Autosomal dominant hereditary sensory neuropathy with chronic cough and gastro-oesophageal reflux: clinical features in two families linked to chromosome 3p22–p24
1 Institute of Clinical Neurosciences, Royal Prince Alfred Hospital and University of Sydney, 2 Neurobiology Laboratory, ANZAC Research Institute, 3 Departments of Molecular Medicine, 4 Respiratory Medicine, Concord Hospital, 5 Canberra Clinical School, Australian National University and University of Sydney, Sydney, 6 Departments of Gastroenterology and Hepatology, 7 Neurology, The Canberra Hospital, 8 Departments of Neurology and 9 Gastroenterology, Princess Alexandra Hospital, 10 Department of Respiratory Medicine, The Mater Adult Hospital, Brisbane, Australia
Correspondence to: Dr Penelope Spring, Department of Neurology, Concord Hospital, Hospital Road Concord, New South Wales, 2139, Australia E-mail: pspring{at}med.usyd.edu.au
Autosomal dominant hereditary sensory neuropathy (HSN I) is a clinically and genetically heterogeneous group of disorders, and in some families it is due to mutations in the serine palmitoyltransferase (SPTLC1) gene. We have characterized two families with HSN I associated with cough and gastro-oesophageal reflux (GOR). From a large Australian family, 27 individuals and from a smaller family, 11 individuals provided clinical information and blood for genetic analysis. Affected individuals had an adult onset of paroxysmal cough, GOR and distal sensory loss. Cough could be triggered by noxious odours or by pressure in the external auditory canal (Arnold's ear–cough reflex). Other features included throat clearing, hoarse voice, cough syncope and sensorineural hearing loss. Neurophysiological and pathological studies demonstrated a sensory axonal neuropathy. Gastric emptying studies were normal, and autonomic function and sweat tests were either normal or showed distal hypohidrosis. Cough was likely to be due to a combination of denervation hypersensitivity of the upper airways and oesophagus, and prominent GOR. Most affected individuals were shown on 24 h ambulatory oesophageal pH monitoring to have multiple episodes of GOR, closely temporally associated with coughing. Hoarse voice was probably attributable to acid-induced laryngeal damage, and there was no evidence of vocal cord palsy. No other cause for cough was found on most respiratory or otorhinological studies. Linkage to chromosome 3p22–p24 has been found in both families, with no evidence of linkage to loci for known HSN I, autosomal dominant hereditary motor and sensory neuropathy, hereditary GOR or triple A syndrome. These families represent a genetically novel variant of HSN I, with a distinctive cough owing to involvement of the upper aerodigestive tract.

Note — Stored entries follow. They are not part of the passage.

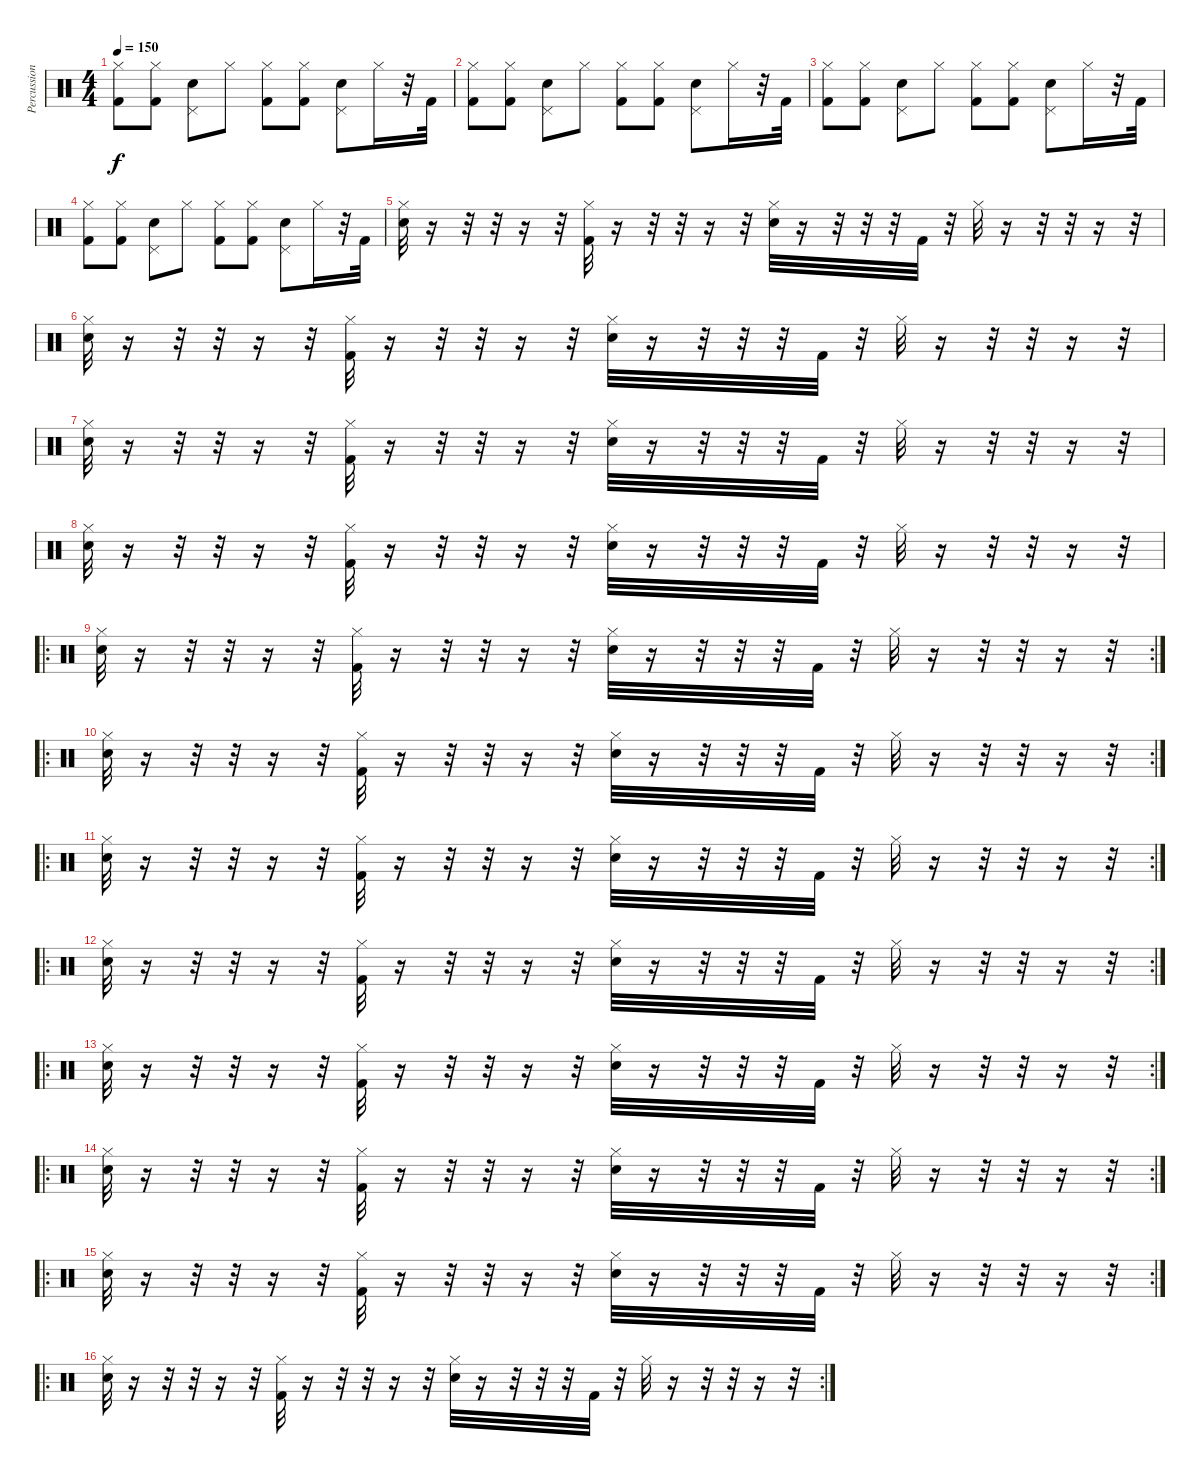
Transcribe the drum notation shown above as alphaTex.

\track ("Percussions" "Percussion") {instrument percussion}
\staff {score}
\articulation defaults
\ts (4 4)
\tempo 150
\clef neutral
\ks c
("Hi-Hat (closed)" "Kick (hit) 2").8{dy f} ("Hi-Hat (closed)" "Kick (hit) 2").8 ("Pedal Hi-Hat (hit)" "Snare (hit) 2").8 "Hi-Hat (closed)".8 ("Hi-Hat (closed)" "Kick (hit) 2").8 ("Hi-Hat (closed)" "Kick (hit) 2").8 ("Pedal Hi-Hat (hit)" "Snare (hit) 2").8 "Hi-Hat (closed)".16 r.32 "Kick (hit) 2".32 |
("Hi-Hat (closed)" "Kick (hit) 2").8 ("Hi-Hat (closed)" "Kick (hit) 2").8 ("Pedal Hi-Hat (hit)" "Snare (hit) 2").8 "Hi-Hat (closed)".8 ("Hi-Hat (closed)" "Kick (hit) 2").8 ("Hi-Hat (closed)" "Kick (hit) 2").8 ("Pedal Hi-Hat (hit)" "Snare (hit) 2").8 "Hi-Hat (closed)".16 r.32 "Kick (hit) 2".32 |
("Hi-Hat (closed)" "Kick (hit) 2").8 ("Hi-Hat (closed)" "Kick (hit) 2").8 ("Pedal Hi-Hat (hit)" "Snare (hit) 2").8 "Hi-Hat (closed)".8 ("Hi-Hat (closed)" "Kick (hit) 2").8 ("Hi-Hat (closed)" "Kick (hit) 2").8 ("Pedal Hi-Hat (hit)" "Snare (hit) 2").8 "Hi-Hat (closed)".16 r.32 "Kick (hit) 2".32 |
("Hi-Hat (closed)" "Kick (hit) 2").8 ("Hi-Hat (closed)" "Kick (hit) 2").8 ("Pedal Hi-Hat (hit)" "Snare (hit) 2").8 "Hi-Hat (closed)".8 ("Hi-Hat (closed)" "Kick (hit) 2").8 ("Hi-Hat (closed)" "Kick (hit) 2").8 ("Pedal Hi-Hat (hit)" "Snare (hit) 2").8 "Hi-Hat (closed)".16 r.32 "Kick (hit) 2".32 |
("Hi-Hat (closed)" "Electric Snare (hit)").32 r.16 r.32 r.32 r.16 r.32 ("Hi-Hat (closed)" "Kick (hit) 2").32 r.16 r.32 r.32 r.16 r.32 ("Hi-Hat (closed)" "Electric Snare (hit)").32 r.16 r.32 r.32 r.32 "Kick (hit) 2".32 r.32 "Hi-Hat (closed)".32 r.16 r.32 r.32 r.16 r.32 |
("Hi-Hat (closed)" "Electric Snare (hit)").32 r.16 r.32 r.32 r.16 r.32 ("Hi-Hat (closed)" "Kick (hit) 2").32 r.16 r.32 r.32 r.16 r.32 ("Hi-Hat (closed)" "Electric Snare (hit)").32 r.16 r.32 r.32 r.32 "Kick (hit) 2".32 r.32 "Hi-Hat (closed)".32 r.16 r.32 r.32 r.16 r.32 |
("Hi-Hat (closed)" "Electric Snare (hit)").32 r.16 r.32 r.32 r.16 r.32 ("Hi-Hat (closed)" "Kick (hit) 2").32 r.16 r.32 r.32 r.16 r.32 ("Hi-Hat (closed)" "Electric Snare (hit)").32 r.16 r.32 r.32 r.32 "Kick (hit) 2".32 r.32 "Hi-Hat (closed)".32 r.16 r.32 r.32 r.16 r.32 |
("Hi-Hat (closed)" "Electric Snare (hit)").32 r.16 r.32 r.32 r.16 r.32 ("Hi-Hat (closed)" "Kick (hit) 2").32 r.16 r.32 r.32 r.16 r.32 ("Hi-Hat (closed)" "Electric Snare (hit)").32 r.16 r.32 r.32 r.32 "Kick (hit) 2".32 r.32 "Hi-Hat (closed)".32 r.16 r.32 r.32 r.16 r.32 |
\ro
\rc 2
("Hi-Hat (closed)" "Electric Snare (hit)").32 r.16 r.32 r.32 r.16 r.32 ("Hi-Hat (closed)" "Kick (hit) 2").32 r.16 r.32 r.32 r.16 r.32 ("Hi-Hat (closed)" "Electric Snare (hit)").32 r.16 r.32 r.32 r.32 "Kick (hit) 2".32 r.32 "Hi-Hat (closed)".32 r.16 r.32 r.32 r.16 r.32 |
\ro
\rc 2
("Hi-Hat (closed)" "Electric Snare (hit)").32 r.16 r.32 r.32 r.16 r.32 ("Hi-Hat (closed)" "Kick (hit) 2").32 r.16 r.32 r.32 r.16 r.32 ("Hi-Hat (closed)" "Electric Snare (hit)").32 r.16 r.32 r.32 r.32 "Kick (hit) 2".32 r.32 "Hi-Hat (closed)".32 r.16 r.32 r.32 r.16 r.32 |
\ro
\rc 2
("Hi-Hat (closed)" "Electric Snare (hit)").32 r.16 r.32 r.32 r.16 r.32 ("Hi-Hat (closed)" "Kick (hit) 2").32 r.16 r.32 r.32 r.16 r.32 ("Hi-Hat (closed)" "Electric Snare (hit)").32 r.16 r.32 r.32 r.32 "Kick (hit) 2".32 r.32 "Hi-Hat (closed)".32 r.16 r.32 r.32 r.16 r.32 |
\ro
\rc 2
("Hi-Hat (closed)" "Electric Snare (hit)").32 r.16 r.32 r.32 r.16 r.32 ("Hi-Hat (closed)" "Kick (hit) 2").32 r.16 r.32 r.32 r.16 r.32 ("Hi-Hat (closed)" "Electric Snare (hit)").32 r.16 r.32 r.32 r.32 "Kick (hit) 2".32 r.32 "Hi-Hat (closed)".32 r.16 r.32 r.32 r.16 r.32 |
\ro
\rc 2
("Hi-Hat (closed)" "Electric Snare (hit)").32 r.16 r.32 r.32 r.16 r.32 ("Hi-Hat (closed)" "Kick (hit) 2").32 r.16 r.32 r.32 r.16 r.32 ("Hi-Hat (closed)" "Electric Snare (hit)").32 r.16 r.32 r.32 r.32 "Kick (hit) 2".32 r.32 "Hi-Hat (closed)".32 r.16 r.32 r.32 r.16 r.32 |
\ro
\rc 2
("Hi-Hat (closed)" "Electric Snare (hit)").32 r.16 r.32 r.32 r.16 r.32 ("Hi-Hat (closed)" "Kick (hit) 2").32 r.16 r.32 r.32 r.16 r.32 ("Hi-Hat (closed)" "Electric Snare (hit)").32 r.16 r.32 r.32 r.32 "Kick (hit) 2".32 r.32 "Hi-Hat (closed)".32 r.16 r.32 r.32 r.16 r.32 |
\ro
\rc 2
("Hi-Hat (closed)" "Electric Snare (hit)").32 r.16 r.32 r.32 r.16 r.32 ("Hi-Hat (closed)" "Kick (hit) 2").32 r.16 r.32 r.32 r.16 r.32 ("Hi-Hat (closed)" "Electric Snare (hit)").32 r.16 r.32 r.32 r.32 "Kick (hit) 2".32 r.32 "Hi-Hat (closed)".32 r.16 r.32 r.32 r.16 r.32 |
\ro
\rc 2
("Hi-Hat (closed)" "Electric Snare (hit)").32 r.16 r.32 r.32 r.16 r.32 ("Hi-Hat (closed)" "Kick (hit) 2").32 r.16 r.32 r.32 r.16 r.32 ("Hi-Hat (closed)" "Electric Snare (hit)").32 r.16 r.32 r.32 r.32 "Kick (hit) 2".32 r.32 "Hi-Hat (closed)".32 r.16 r.32 r.32 r.16 r.32

Key Words: skin biopsy; neuropathy; hereditary neuropathy; epidermal nerve; autonomic dysfunction
Abbreviations: ANA = anti-nuclear antibody; BAERs = brainstem auditory evoked responses; CMAP = compound motor action potential; CMT = Charcot–Marie–Tooth; ENA = extractable nuclear antigens; ENFD = epidermal nerve fibre density; ENT = ear nose and throat; FEESST = fibreoptic endoscopic evaluation of swallowing and sensory testing; GIT = gastrointestinal tract; GOR = gastro-oesophageal reflux; HMSN = hereditary motor and sensory neuropathy; HSAN = hereditary sensory and autonomic neuropathy; HSN = hereditary sensory neuropathy; LOS = lower oesophageal sphincter; NCS = nerve conduction studies; NGF = nerve growth factor; QST = quantitative sensory testing
Received December 21, 2004. Revised August 31, 2005. Accepted September 2, 2005.